As we have laid a foundation for what the state of mind may have been when the First Amendment of the US Constitution was ratified, let us examine it closely:
Congress shall make no law respecting an establishment of religion, or prohibiting the free exercise thereof; or abridging the freedom of speech, or of the press; or the right of the people peaceably to assemble, and to petition the Government for a redress of grievances.
In those first ten words, in which we find the establishment clause, it is important to notice that it does not say, “Congress shall make no law respecting THE establishment of religion.” If that were the wording, it could be thought that this means Congress cannot establish a church. No such thing was on anyone’s mind at that time. There were plenty of churches for people to choose from. A new “National Church” being formed would be hard pressed to draw members without force, and that was unthinkable in such a revolutionary climate. The establishment clause says, “Congress shall make no law respecting AN establishment of religion,” and that makes all the difference.
The colonies had laws respecting AN establishment of religion everywhere ONE church got preferential treatment over the others. Nine of the thirteen colonies had laws respecting AN establishment of religion in some form, and those knots were not entirely untied until 1834.
That letter from Thomas Jefferson to the Danbury Baptists that some people like to quote when they want to invoke the “separation of church and state,” pertains specifically to the Connecticut state laws that respected AN establishment of religion over other establishments of religion. The Congregational Church had the power to tax the citizens, including those who did not support the Congregational Church, and the Baptists were right to be sore about it. That was the “Wall of Separation” Jefferson spoke of in his letter. The state of Connecticut gave ONE church the power to tax. That letter was written in 1802, and it was 1818 before that was changed.
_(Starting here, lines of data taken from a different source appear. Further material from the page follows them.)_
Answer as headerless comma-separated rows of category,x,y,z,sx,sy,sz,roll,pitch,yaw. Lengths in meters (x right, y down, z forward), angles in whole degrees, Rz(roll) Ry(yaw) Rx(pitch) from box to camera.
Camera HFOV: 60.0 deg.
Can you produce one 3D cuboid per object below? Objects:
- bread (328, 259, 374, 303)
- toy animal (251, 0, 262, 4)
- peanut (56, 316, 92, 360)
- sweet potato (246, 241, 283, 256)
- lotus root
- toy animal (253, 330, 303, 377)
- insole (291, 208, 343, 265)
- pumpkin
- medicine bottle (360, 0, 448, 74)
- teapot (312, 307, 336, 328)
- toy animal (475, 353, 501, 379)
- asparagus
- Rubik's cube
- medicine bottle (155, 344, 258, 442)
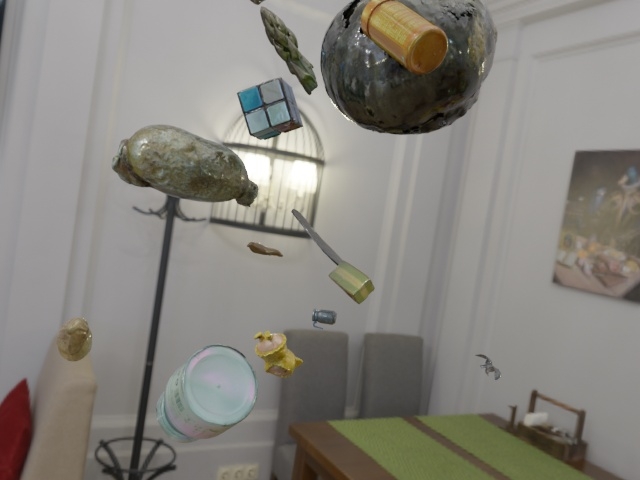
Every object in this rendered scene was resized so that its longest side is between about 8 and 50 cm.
bread,0.079,0.105,1.579,0.139,0.074,0.084,43,-7,29
toy animal,-0.191,-0.821,1.787,0.138,0.108,0.236,-30,18,-22
peanut,-0.711,0.286,1.603,0.085,0.104,0.228,34,-29,0
sweet potato,-0.128,0.021,1.243,0.026,0.026,0.115,11,-4,38
lotus root,-0.303,-0.175,1.311,0.349,0.175,0.175,14,0,-24
toy animal,-0.185,0.460,2.269,0.156,0.230,0.156,-19,32,13
insole,0.000,0.000,1.914,0.309,0.012,0.110,50,16,23
pumpkin,0.217,-0.477,1.405,0.454,0.455,0.344,10,-38,26
medicine bottle,0.166,-0.416,1.117,0.096,0.096,0.192,7,34,-36
teapot,0.013,0.270,1.920,0.083,0.064,0.049,6,25,9
toy animal,0.379,0.287,1.234,0.050,0.028,0.084,45,9,-34
asparagus,-0.093,-0.566,1.642,0.080,0.287,0.080,-35,10,7
Rubik's cube,-0.184,-0.484,2.062,0.180,0.167,0.183,-16,-1,13
medicine bottle,-0.360,0.483,1.697,0.244,0.245,0.290,7,-34,-34

Today, this idea has been turned on its head to the degree that laws are routinely made that prohibit the free exercise of religion on the basis that the government must not be neutral to religion, but be opposed to it in order not to perceived as ESTABLISHING a religion. When it is ruled that a teacher cannot have a Bible on her desk, because it appears that the government is establishing a religion, it is actually taking a position against religion itself, and not a particular establishment.
But let us look at the text again: “Congress shall make no law respecting an ESTABLISHMENT of religion.” That word, establishment, means something when you refer to it as one of many, as in an establishment of fine dining, an establishment of recreation, an establishment of legal services, or an establishment of religion. It refers to a specific organization, not an idea or a concept. A Bible on a teacher’s desk is not a religious establishment any more than a dictionary on the same teacher’s desk is an educational establishment.
When a law is made that says you cannot have a Bible on your desk, it is actually making a law respecting an IDEA of religion. It is the ideas in that book, the Bible, as opposed to any other book, like a dictionary, that are being hidden behind that “Wall of Separation.” Is that what Jefferson was talking about? Absolutely not. He was opposed to an ESTABLISHMENT of religion having the governmental authority to tax.
Another word we need to look at is RESPECTING. “Congress shall make no law RESPECTING an establishment of religion.” According to the Merriam-Webster dictionary, RESPECTING is defined this way: about or relating to (something) : with respect to (something).